One of the quietest and most serene places in either West Windsor or Plainsboro is the aqueduct, the spot where the Millstone River enters Princeton’s Lake Carnegie. The entire boundary between West Windsor and Plainsboro runs down the middle of the Millstone, and when it reaches the aqueduct just west of Route 1, it actually becomes part of the lake.
But at that very same spot we also find the Delaware and Raritan Canal, a man-made waterway that has been there since the 1830s. It and its towpaths are part of the state-owned Delaware and Raritan Canal State Park. But the boundary between both West Windsor and Plainsboro and Princeton runs down its center.
Since the canal is a separate and independent waterway, however, its water must flow independently, without being affected by the flow of the river or the lake. Thus it is carried in a man-made wooden aqueduct where it crosses the Millstone. Today there are two parallel wooden foot bridges that run the length of the aqueduct, one on the Princeton side and one on the West Windsor-Plainsboro side.
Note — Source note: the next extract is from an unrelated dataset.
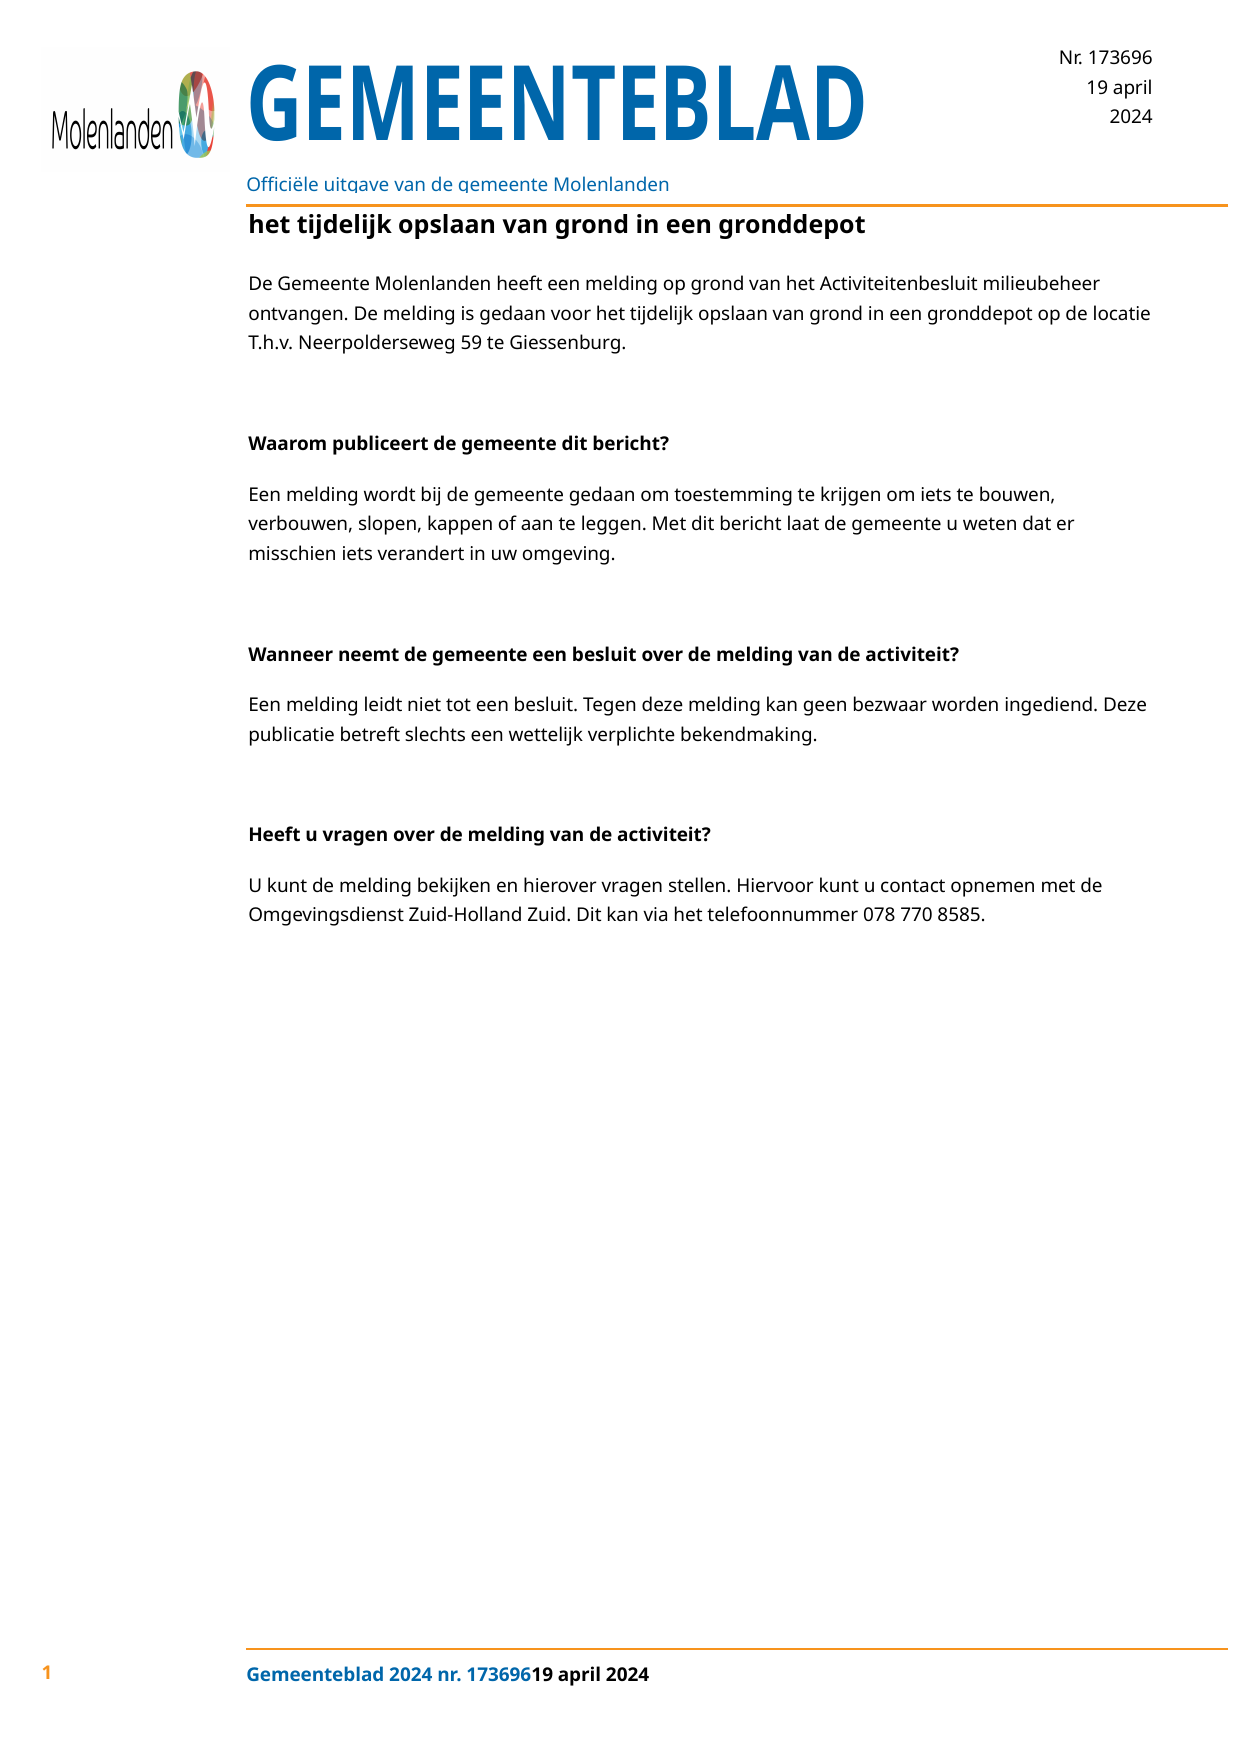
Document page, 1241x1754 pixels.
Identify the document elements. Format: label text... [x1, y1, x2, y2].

Lake Carnegie was formed in 1906 as a gift from industrialist Andrew Carnegie to Princeton University. (At the time, Princeton President Woodrow Wilson had asked Carnegie to endow the new preceptorial teaching system he had envisioned. But Carnegie told Wilson that he had already given Princeton a lake, to which Wilson replied, “We needed bread and you gave us water.”) The lake was formed by building a dam across the Millstone River at Kingston. As the river backed up to the south it soon came to a point where it turned sharply to the east, flowing away from Princeton. This is the location of the aqueduct.
To ensure that the lake would continue in the direction of Princeton, Stony Brook, which flowed into the Millstone at that point, was dredged and widened so that the water backing up from the dam at Kingston would then follow its course and become part of the lake as it is today. North of Kingston the Millstone River is still known by that name and it still parallels the D&R Canal. But Lake Carnegie is the hybrid of two original waterways.
The aqueduct can be reached on foot by walking along the canal towpath, either from Harrison Street in Princeton or from Kingston, but it’s a long walk. By car, get on Route 1 south at the U-turn overpass north of Harrison Street and turn right at Mapleton Road as if you were going to Kingston. But only a short distance ahead is the parking lot for the aqueduct. It’s a beautiful and unspoiled place at the only spot where two townships and a town actually meet.
In recent decades, the aqueduct sometimes plays a role in local flooding. During sustained heavy rains in the area, there is little open land left to absorb most of the water. All the housing and paved roads with their storm sewers mean that the water flow becomes concentrated in local natural waterways — the rivers and streams. It can’t go anywhere else, since there is very little “ground” left for it to soak into. As a result much of the water from a large portion of the township ends up in the Millstone River.
When that water reaches the aqueduct, which has a fixed opening under the canal, it backs up and causes the Millstone to overflow its banks as far upstream as it will. The only way to relieve this effect would be to enlarge the opening under the aqueduct, but with the lake already overflowing anyway — because of increased runoff on the Princeton side — that wouldn’t really help.
A similar problem exists where the Millstone and Big Bear Brook flow under the railroad tracks. The openings in the stone supports of the track bed were built when there was much less runoff than there is now. As a result these waterways overflow their banks well upstream, sometimes causing a number of local roads to flood. The only solution, aside from not paving so much of the land, would be to enlarge the openings under the tracks. That’s not likely to happen.